Libz init memory reported by valgrind:
==3020638== 536,192 (11,904 direct, 524,288 indirect) bytes in 2 blocks are definitely lost in loss record 4,799 of 4,801
==3020638== at 0x483B7F3: malloc (in /usr/lib/x86_64-linux-gnu/valgrind/vgpreload_memcheck-amd64-linux.so)
==3020638== by 0x5AA3418: deflateInit2_ (in /lib/x86_64-linux-gnu/libz.so.1.2.11)
==3020638== by 0x5AA3651: deflateInit_ (in /lib/x86_64-linux-gnu/libz.so.1.2.11)
==3020638== by 0x71C063: oatpp::zlib::DeflateEncoder::DeflateEncoder(long, bool, int) (in /home/beniz/projects/deepdetect/dev/deepdetect/build/main/dede)
==3020638== by 0x71B2E8: oatpp::zlib::DeflateEncoderProvider::getProcessor() (in /home/beniz/projects/deepdetect/dev/deepdetect/build/main/dede)
==3020638== by 0x6EA02D: oatpp::web::protocol::http::outgoing::Response::send(oatpp::data::stream::OutputStream*, oatpp::data::stream::BufferOutputStream*, oatpp::web::protocol::http::encoding::EncoderProvider*) (in /home/beniz/projects/deepdetect/dev/deepdetect/build/main/dede)
==3020638== by 0x6F6DB6: oatpp::web::server::HttpProcessor::processNextRequest(oatpp::web::server::HttpProcessor::ProcessingResources&) (in /home/beniz/projects/deepdetect/dev/deepdetect/build/main/dede)
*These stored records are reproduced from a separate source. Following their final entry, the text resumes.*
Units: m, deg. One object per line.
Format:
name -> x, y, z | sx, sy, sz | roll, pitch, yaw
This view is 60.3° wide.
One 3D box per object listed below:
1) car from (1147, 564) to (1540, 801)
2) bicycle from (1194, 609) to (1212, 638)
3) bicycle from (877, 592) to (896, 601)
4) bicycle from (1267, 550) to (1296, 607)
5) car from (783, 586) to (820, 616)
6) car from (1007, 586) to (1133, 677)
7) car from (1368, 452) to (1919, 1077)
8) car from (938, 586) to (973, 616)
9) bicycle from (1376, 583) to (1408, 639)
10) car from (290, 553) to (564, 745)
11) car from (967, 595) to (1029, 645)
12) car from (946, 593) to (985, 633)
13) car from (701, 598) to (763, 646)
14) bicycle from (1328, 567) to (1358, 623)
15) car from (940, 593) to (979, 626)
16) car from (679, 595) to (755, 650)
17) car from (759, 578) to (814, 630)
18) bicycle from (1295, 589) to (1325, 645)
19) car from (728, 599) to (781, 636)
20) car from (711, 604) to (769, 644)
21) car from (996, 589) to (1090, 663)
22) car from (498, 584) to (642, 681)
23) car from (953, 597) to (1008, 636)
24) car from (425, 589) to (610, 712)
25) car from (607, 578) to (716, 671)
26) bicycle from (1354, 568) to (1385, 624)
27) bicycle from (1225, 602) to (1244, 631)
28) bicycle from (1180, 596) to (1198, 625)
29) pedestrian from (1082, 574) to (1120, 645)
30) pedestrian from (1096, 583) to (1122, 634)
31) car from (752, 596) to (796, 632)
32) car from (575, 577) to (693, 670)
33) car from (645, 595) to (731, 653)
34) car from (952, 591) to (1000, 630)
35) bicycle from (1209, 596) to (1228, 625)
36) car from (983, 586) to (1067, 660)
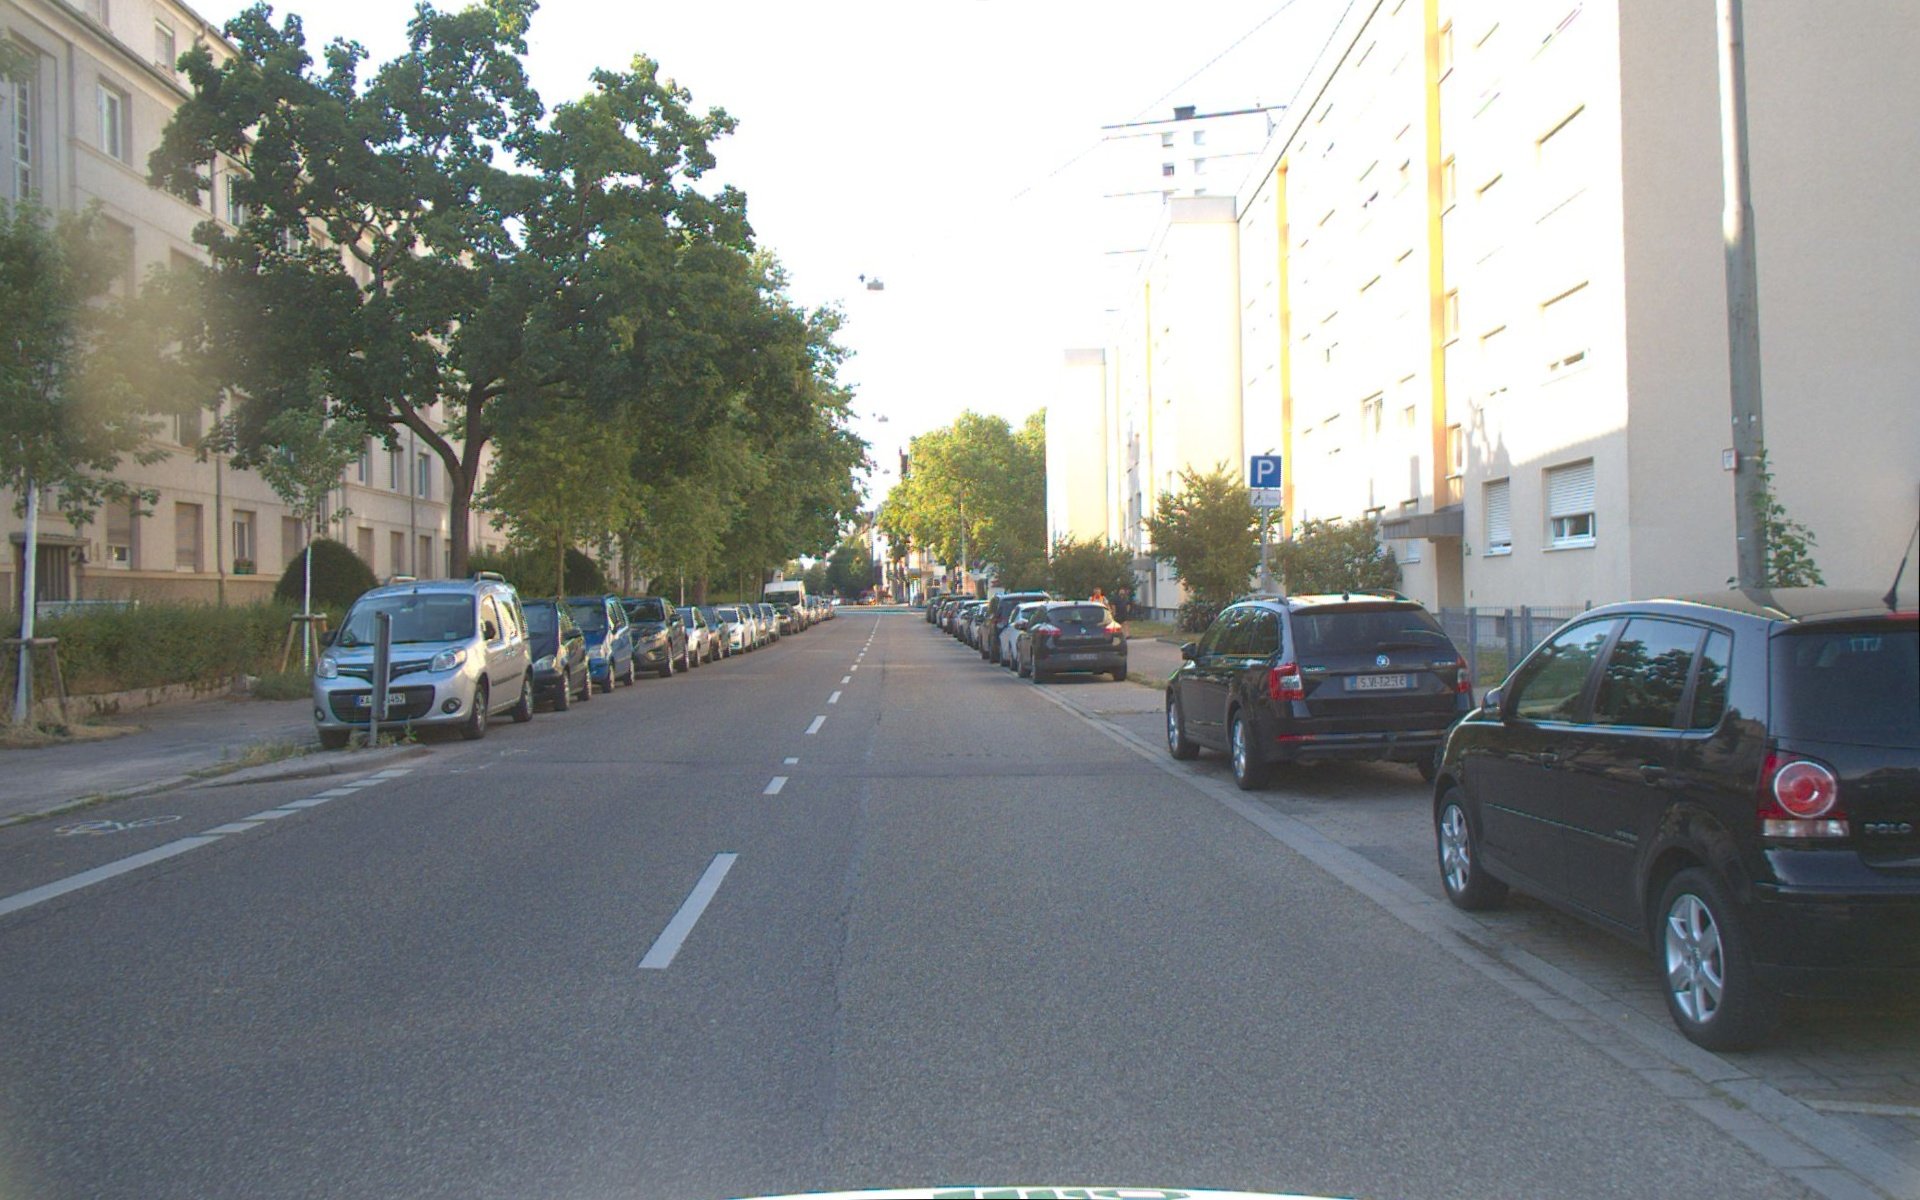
car -> 3.000, 0.601, 14.174 | 1.849, 1.589, 4.942 | -2, 0, -4
bicycle -> 8.130, 0.789, 55.357 | 0.428, 0.958, 1.791 | 1, -1, 3
bicycle -> -10.982, -0.548, 248.273 | 2.751, 1.225, 0.509 | 1, -1, -9
bicycle -> 7.059, -0.468, 36.337 | 0.326, 1.213, 1.240 | 1, -1, -2
car -> -9.506, 0.014, 99.456 | 1.834, 1.585, 5.054 | -5, 1, -3
car -> 2.048, 0.599, 32.099 | 1.764, 1.533, 4.617 | -3, -1, -4
car -> 3.290, 0.477, 7.155 | 1.862, 1.810, 4.581 | -2, -1, 0
car -> -0.306, 0.066, 102.603 | 1.860, 1.680, 4.340 | 4, 0, -3
bicycle -> 9.570, 0.248, 36.635 | 0.326, 1.213, 1.240 | 1, -1, -2
car -> -6.102, 0.534, 19.520 | 1.804, 1.929, 4.485 | -2, -1, -1
car -> 1.218, 0.661, 54.704 | 1.736, 1.479, 3.998 | -3, -1, -2
car -> 0.256, 0.595, 77.289 | 1.799, 1.803, 3.978 | 0, -1, 0
car -> -7.808, 0.751, 56.996 | 1.836, 1.579, 3.996 | 1, -1, -4
bicycle -> 8.425, -0.100, 36.412 | 0.326, 1.213, 1.240 | 1, -1, -2
car -> -0.052, 0.490, 81.648 | 1.800, 1.528, 4.171 | 1, -1, -1
car -> -7.456, 0.685, 51.146 | 1.965, 1.579, 4.467 | 1, -1, -4
car -> -8.655, 0.210, 83.165 | 2.311, 2.488, 6.162 | 1, -1, -2
bicycle -> 7.677, 0.370, 36.288 | 0.326, 1.213, 1.240 | 1, -1, -2
car -> -8.206, 0.697, 66.334 | 1.836, 1.379, 4.649 | 1, -1, -4
car -> -7.983, 0.863, 60.284 | 1.836, 1.379, 3.996 | 1, -1, -4
car -> 1.826, 0.590, 37.605 | 1.736, 1.534, 3.998 | -2, -1, -2
car -> -6.814, 0.562, 29.263 | 1.836, 1.579, 3.996 | 1, -1, -4
car -> 0.771, 0.640, 65.242 | 1.836, 1.468, 3.996 | 1, -1, -4
car -> -6.406, 0.702, 24.374 | 1.837, 1.579, 3.996 | -3, 0, -4
car -> -7.180, 0.586, 40.130 | 1.954, 2.049, 3.998 | -3, -1, -2
bicycle -> 9.127, -0.079, 36.892 | 0.326, 1.213, 1.240 | 1, -1, -2
bicycle -> 9.177, 0.564, 55.366 | 0.428, 0.958, 1.791 | 1, -1, 3
bicycle -> 7.657, 0.353, 55.387 | 0.428, 0.958, 1.791 | 1, -1, 3
pedestrian -> 3.890, 0.272, 45.691 | 0.871, 1.924, 1.278 | 1, -1, -2
pedestrian -> 5.080, 0.305, 56.457 | 0.750, 1.687, 0.536 | -3, -1, -3
car -> -8.535, 0.661, 76.175 | 1.673, 1.601, 3.817 | 1, -1, -2
car -> -6.754, 0.493, 34.725 | 1.836, 1.790, 4.685 | 1, -1, -4
car -> -7.257, 0.638, 44.547 | 1.836, 1.459, 4.799 | 1, -1, -4
car -> 0.661, 0.464, 72.619 | 1.923, 1.633, 4.277 | 0, -1, -2
bicycle -> 8.639, 0.368, 55.354 | 0.428, 0.958, 1.791 | 1, -1, 3
car -> 1.639, 0.601, 43.140 | 1.736, 1.707, 4.644 | -4, -1, -2

==3020638== by 0x6FB28F: oatpp::web::server::HttpProcessor::Task::run() (in /home/beniz/projects/deepdetect/dev/deepdetect/build/main/dede)
==3020638== by 0x945BDE3: ??? (in /usr/lib/x86_64-linux-gnu/libstdc++.so.6.0.28)
==3020638== by 0x936B608: start_thread (pthread_create.c:477)
==3020638== by 0x9837292: clone (clone.S:95)
Hey @beniz ,
Your code looks good. Most probably it's on oatpp side. I'll take a closer look.
Hi @lganzzzo how are things ? Do you have any fresh lead on this by any chance ? I've seen issues with libz a long time ago, this could still be outside oatpp.
Hey @beniz ,
Yes, at this point it looks like a libz
issue.
I'm filing an issue in oatpp to investigate possible fixes.
It might take a while
Thanks a lot guys.
FYI we've mitigated this gzip issue by setting an Envoy proxy in front of deepdetect, taking care of compression and decompression of requests.